3 thoughts on “Mary Kay Your Way to Self Employed Success

  1. WoW! You really dumped on MLM’s. Unfortunately MLM’s have gotten a bad rap from people who have taken advantage of others. Not all MLM’s are the same. There are over 1,000 MLM’s around the world that are very reputable with superior products, have stood the test of time (some 60 years plus in business) and generated fabulous incomes for 20.5 million people as of 2016. I took a course from the Small Business Association and their statistics showed that 20% of businesses fail within their first year, 30% fail during the first 2 years of being open and 50% during the first five years and 66% during the first 10 years. That’s pretty bleak statistics from the Small Business Association who keeps these stats.
    As a business owner of a small business when you get sick or have a serious accident your business suffers greatly. As an MLM business person you build it once….earn on it forever….if done right.
    MLM’s are not for everyone but they work if you work the process. Being a business owner isn’t for everyone and you can work the process and still fail and lose everything. Both avenues of getting into your own business either MLM or Small Business requires a certain amount of dedication, hard work, perseverance and grit from the person that starts it. I know, I’ve done both!
    My advice is to study long and hard before you start any business. Decide what, who and where your market is.
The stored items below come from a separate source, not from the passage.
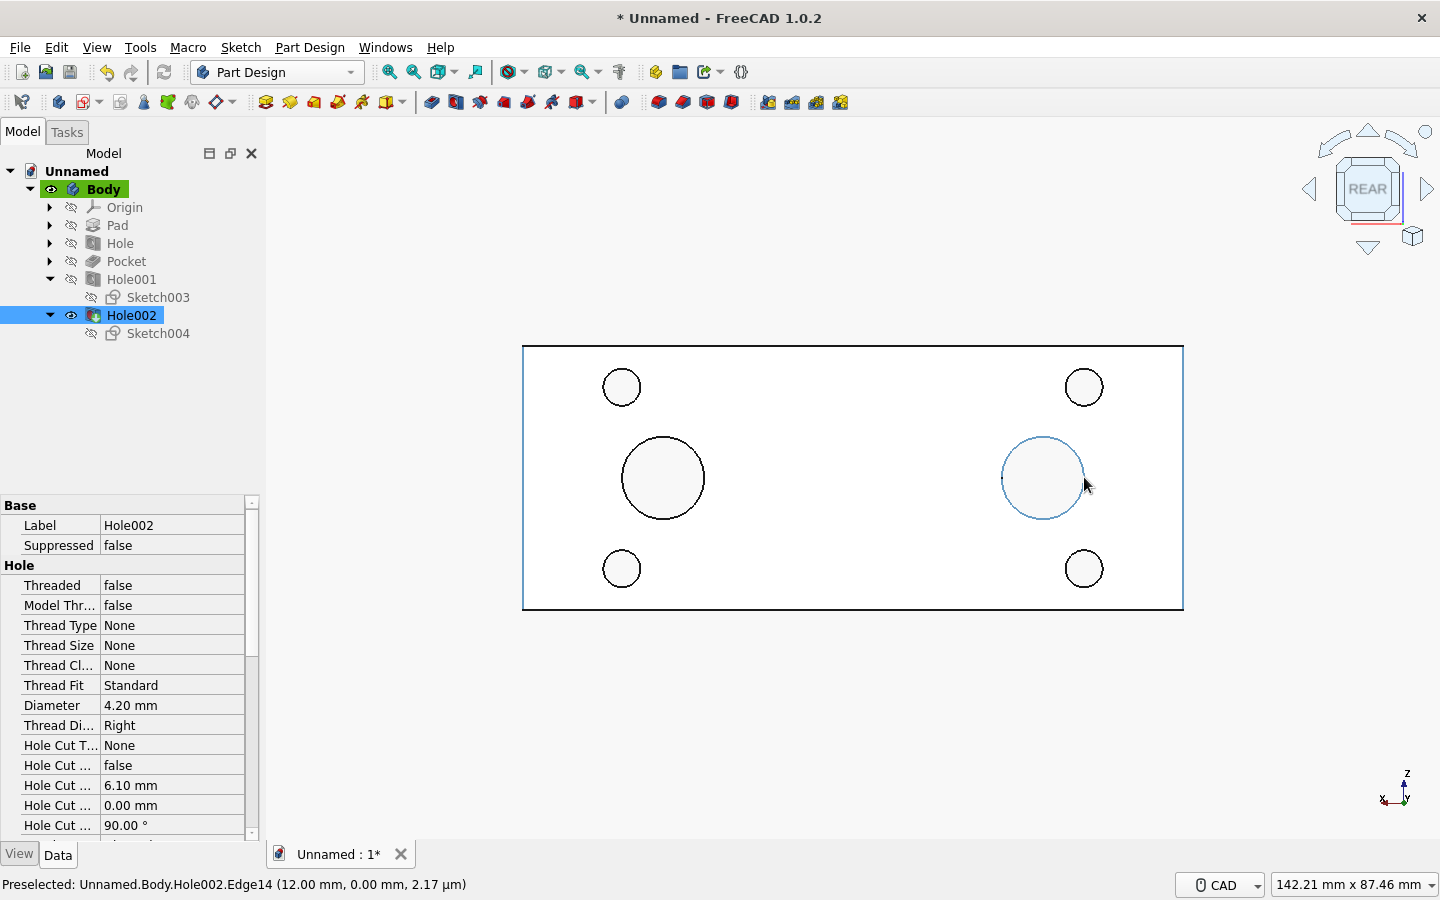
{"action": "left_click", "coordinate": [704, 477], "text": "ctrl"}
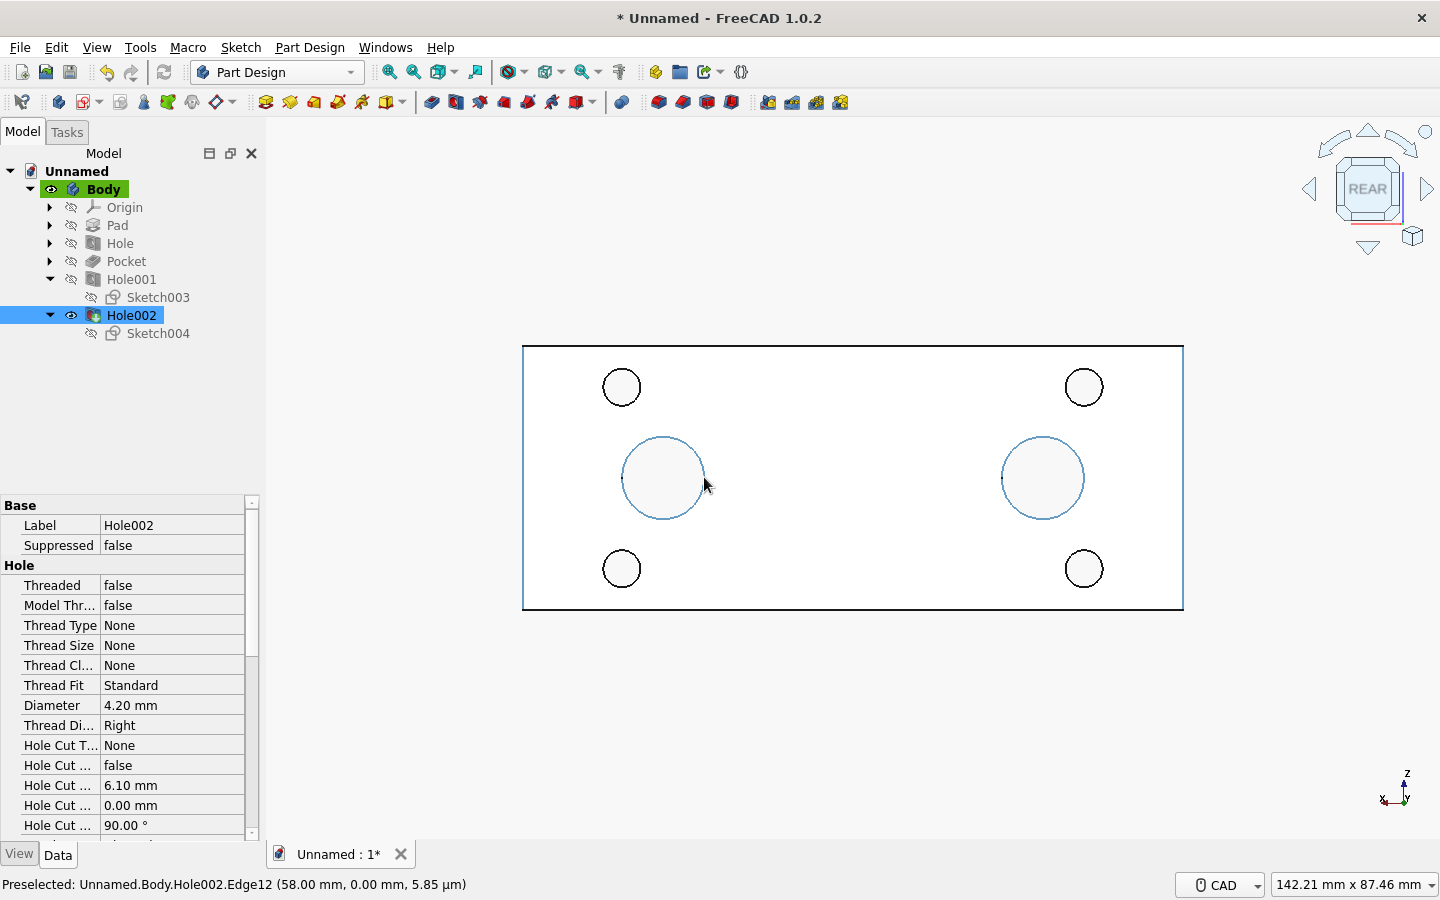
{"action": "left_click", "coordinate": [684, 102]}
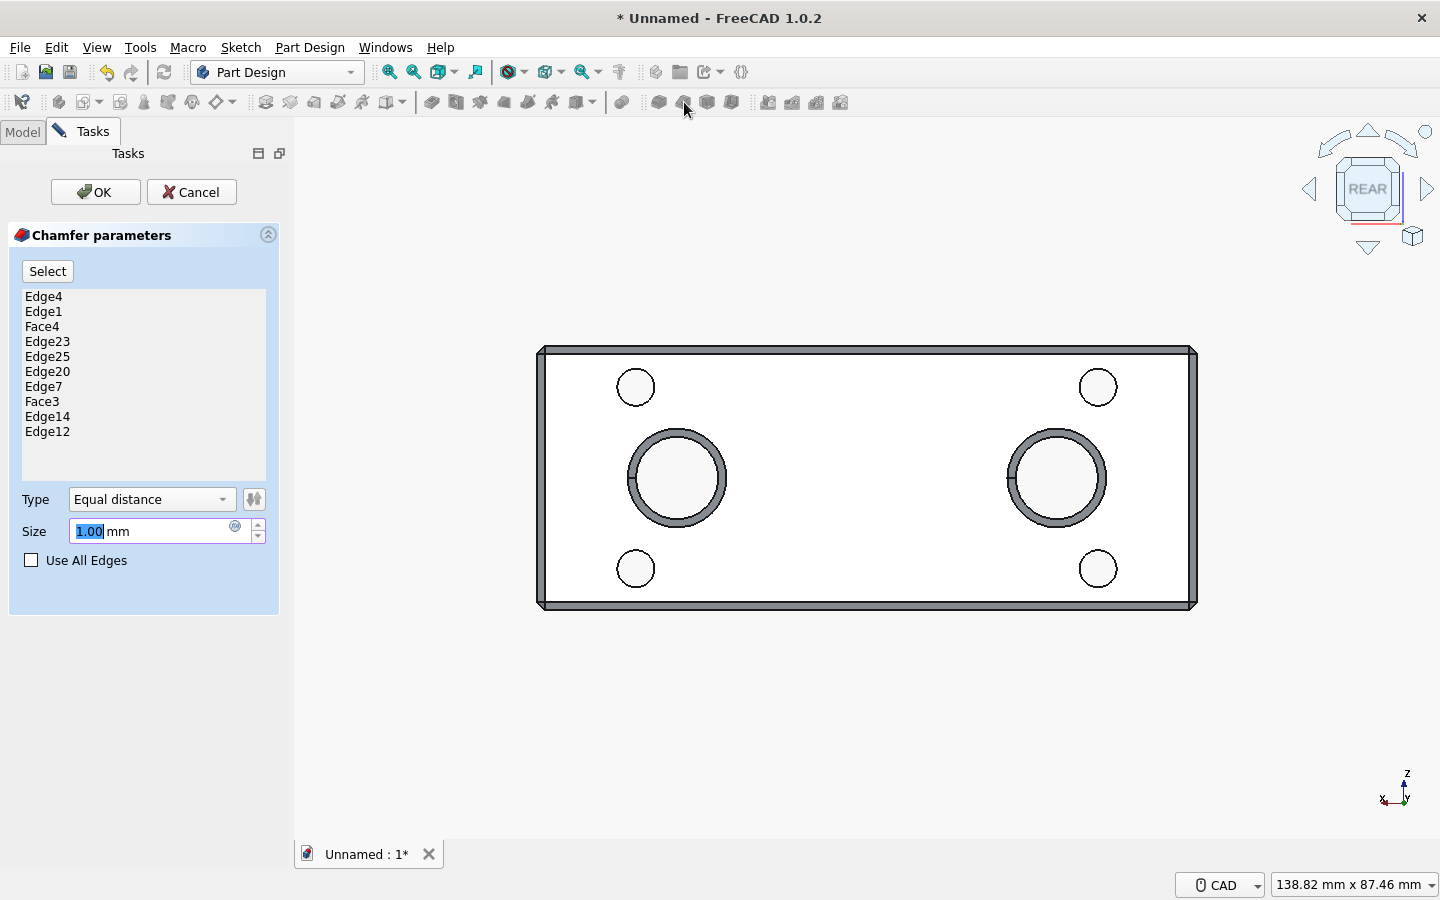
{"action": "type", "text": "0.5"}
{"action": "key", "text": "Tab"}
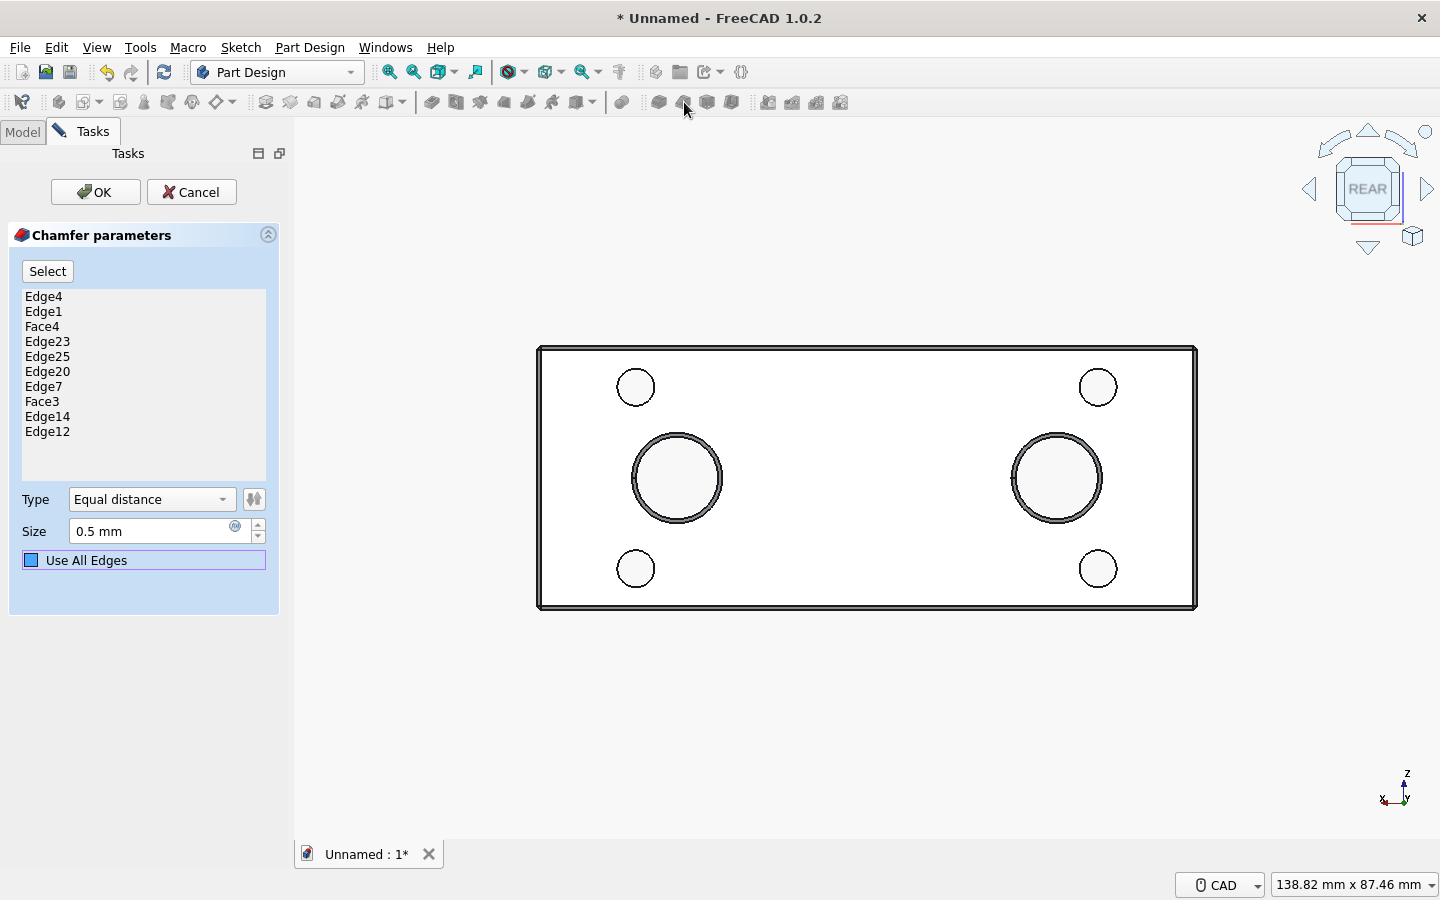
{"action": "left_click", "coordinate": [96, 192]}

What is the cost of a store front, property taxes, franchise fees, marketing fees, computer wi/fi fees, office equipment, leases or basic operating expenses. What is the supply and demand for your products. What are you willing to give up in your life or the life of your family to make your business successful. Usually the start up cost for opening a business, institution or industry is much greater an investment than a start up for an MLM business. Both can be highly successful depending on the individual’s commitment to success. What types of ancillary services will you need to employ to help you achieve your dreams. Believe me, as you grow your business so will your needs grow. What type of capitol do you have for the investment into the business, payroll, liability insurance and employee benefits. What happens if you get sick, seriously ill, car accident or worse death? These are just a few of the considerations anyone should look at before purchasing a business or starting an MLM. You can be successful in BOTH!

    1. Susie, Thank you for your response. You make some excellent points! No business is “fool proof” and when done right, any business can be a success. I’m sorry you thought MLMs were “dumped on” in this post. That was certainly not the intent!! Several of our clients are successful entrepreneurs who have proven (like you) that working their network marketing business really works! -Jennifer

  2. Thanks Jennifer….just thought it was a little one sided. Perhaps the words “dumped on” was too harsh. It takes a village to run a business. Thank goodness for companies like yours coming to the rescue in the back office. I look forward to our continued relationship!